A Connecticut gun manufacturer announced on Wednesday that it would leave the “former Constitution State,” one week after the state’s governor signed into law sweeping new gun legislation.
In a statement blasting the new gun laws, semi-automatic rifle manufacturer PTR Industries said it has decided to move to another state.
“The safety of its children is at best questionably improved from the day of the tragedy that triggered the events that lead us here,” the company said in the statement.
“Finally, due to an improperly drafted bill, manufacturing of modern sporting rifles in the State of CT has been effectively outlawed. With a heavy heart but a clear mind, we have been forced to decide that our business can no longer survive in Connecticut – the former Constitution state.”
PTR encouraged other firearms manufacturers to follow suit:
“We feel that our industry as a whole will continue to be threatened so long as it remains in a state where its elected leaders have no regard for the rights of those who produce and manufacture its wealth.
We are making a call to all involved in our industry to leave this state, close your doors and show our politicians the true consequences of their hasty and uninformed actions. We encourage those in our industry to abandon this state as its leaders have abandoned the proud heritage that forged our freedom.”
The state’s new laws were hailed by Gov. Dannel Malloy as the toughest in the nation, and U.S. Sen. Richard Blumenthal (D-Conn.) said they should be a “model for the nation.”

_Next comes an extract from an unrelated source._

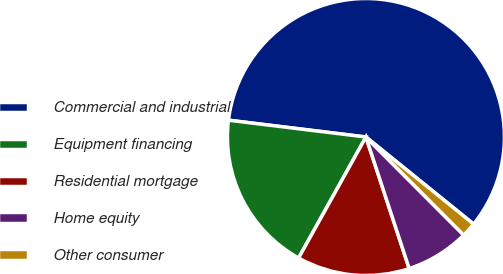<chart> <loc_0><loc_0><loc_500><loc_500><pie_chart><fcel>Commercial and industrial<fcel>Equipment financing<fcel>Residential mortgage<fcel>Home equity<fcel>Other consumer<nl><fcel>58.89%<fcel>18.86%<fcel>13.14%<fcel>7.42%<fcel>1.7%<nl></chart> 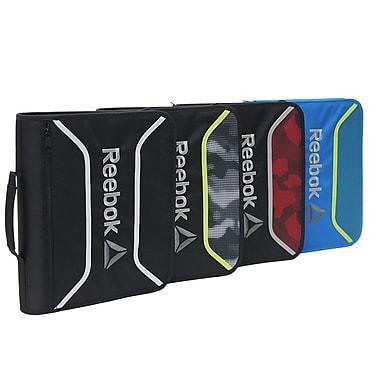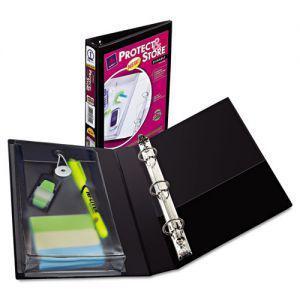The first image is the image on the left, the second image is the image on the right. Considering the images on both sides, is "Four versions of a binder are standing in a row and overlapping each other." valid? Answer yes or no. Yes. The first image is the image on the left, the second image is the image on the right. Evaluate the accuracy of this statement regarding the images: "The right image contains at least one open binder and one closed binder.". Is it true? Answer yes or no. Yes.

Larry Keane, the senior vice president of the National Sports Shooting Foundation, the powerful gun lobby located in Newtown, Conn., warned that the new laws could entice additional gun manufacturers to move out of the state. He also hinted that there could also be a legal challenge to the laws.
Connecticut is home to a wide swath of gun and ammunition companies, including the iconic Colt Manufacturing Co.
Keane told Business Insider that the CEO of at least one other gun company besides PTR had expressed a desire to move. He thinks that more manufacturers are looking to get out of what many perceive as an increasingly hostile environment to gun owners, noting comments made by Malloy last weekend comparing NRA CEO Wayne LaPierre to a “one of the clowns at the circus.”
“We’re upset with the governor’s comments,” Keane said, adding that they were “offensive” and “slanderous” to gun manufacturers.
Keane pointed to a letter Malloy sent gun manufacturers last month, in which the governor wrote that he hoped “you continue to stay in our state.”
In an interview last week, Blumenthal dismissed concerns that manufacturers would leave the state.
“Gun manufacturers are like other businesses in looking for the highest quality workforce, the best business environment in terms of transportation and taxes and other features unrelated to any regulatory action,” Blumenthal said.
“Their markets are national. What happens in Connecticut affects only purchases here.”